Ollantaytambo...pueblo mágico al pie de las ruinas.

Están siguiendo el viaje? Espero que sí!; peeeeero...como el público se renueva, les recordamos que veníamos en un tour por el Valle Sagrado de los Incas. Pasamos por Pisac, con sus ruinas, pueblo y mercado, almorzamos en un lugar de ensueño y ahora, con la panza llenísima y el corazón feliz, llegamos a Ollantaytambo.


Este pueblo se encuentra al sur del río Urumbamba y esta rodeado de montañas, sobre una de ellas estan las ruinas de igual nombre que el pueblo. A 2.792 msnm encontramos un enorme fuerte inca con terrazas sobre la ladera de la montaña, como las que vemos por todos los paisajes de esta zona de Perú.

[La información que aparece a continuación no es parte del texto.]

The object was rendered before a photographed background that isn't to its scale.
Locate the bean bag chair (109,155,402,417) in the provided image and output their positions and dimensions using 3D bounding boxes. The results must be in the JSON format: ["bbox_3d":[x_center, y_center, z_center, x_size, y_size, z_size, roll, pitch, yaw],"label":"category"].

Ni bien bajar de la van, esta vez ya con nuestro equipaje dado que hacíamos noche en "Ollanta", para dirigirnos al día siguiente a Aguas Calientes o Machu Pichu pueblo, lo primero que dijimos fue "me encanta este lugar". Un pueblito con callecitas de adoquines que aun conservan los canales de agua por donde antaño corría el agua limpia que consumía el pueblo, construcciones de adobe, los típicos colores "de aguayo" por todos lados, menos de 20 manzanas en total, con su plaza y mercado artesanal.

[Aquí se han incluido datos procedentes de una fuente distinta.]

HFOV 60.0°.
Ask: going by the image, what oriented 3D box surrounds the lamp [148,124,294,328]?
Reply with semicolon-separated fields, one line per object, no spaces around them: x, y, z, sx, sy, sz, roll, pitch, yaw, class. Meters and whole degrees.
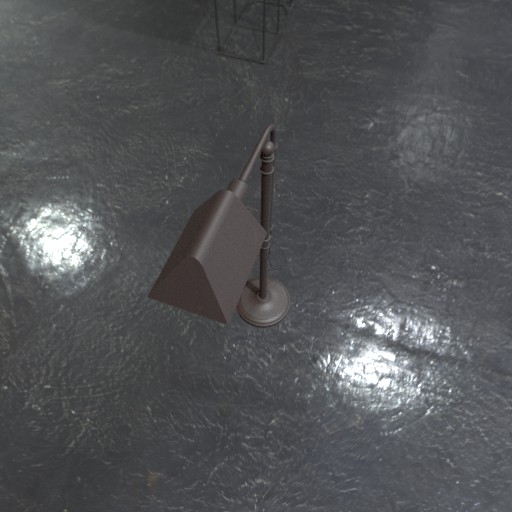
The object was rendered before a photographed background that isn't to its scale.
0.000;0.000;0.970;0.159;0.708;0.545;17;60;10;lamp

Lo primero fue guardar nuestras mochillas en un café que las cuidaría mientras visitábamos las ruinas. Nos esperaban algo así como 200 escalones, desde ya que de alturas irregulares, para llegar a la cima. Desde allí se puede observar todo el pueblo y la silueta del rostro de un inca en la montaña de enfrente, a la que también se puede subir luego de una larga caminata. Las ruinas de Ollanta están formadas por andenes o terrazas perfectas sobre la ladera de la montaña, que llevan a lo que fue el Templo del Sol, donde se encuentra aun un Incahuatana. Es una escultura monolítica que tenía la función de reloj solar que, en el caso de Ollantaytambo, también se utilizaba como observatorio astronómico. La intihuatana de Ollantaytambo se encuentra situada encima del Templo del Sol, al borde del precipicio.

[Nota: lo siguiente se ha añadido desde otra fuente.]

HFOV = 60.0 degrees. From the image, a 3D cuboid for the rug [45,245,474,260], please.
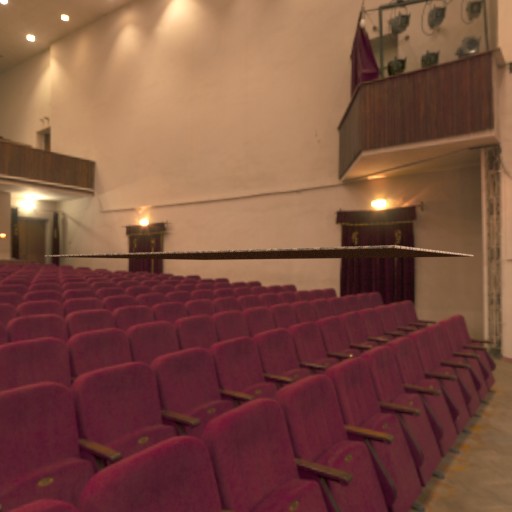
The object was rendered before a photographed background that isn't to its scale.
[{"bbox_3d":[0.000,0.000,2.265,1.824,0.008,1.220,-1,-2,35],"label":"rug"}]

Por suerte, nuestra guía, tenía mucho que contarnos, lo que obligaba a hacer descansos cada cierta cantidad de escalones, para revivir las piernas y saciar la sed que se potenciaba con el hermoso sol que nos acompañaba. Una vez finalizado el recorrido con la guía al llegar a la cima, dejaba tiempo libre al grupo para recorrer mas las ruinas o bajar al pueblo antes de volver a la van. Como nosotros no regresábamos con ellos, decidimos bajar por el camino largo para seguir recorriendo algo más de las ruinas y visitar el pueblo luego de hacer el check in en el hostel.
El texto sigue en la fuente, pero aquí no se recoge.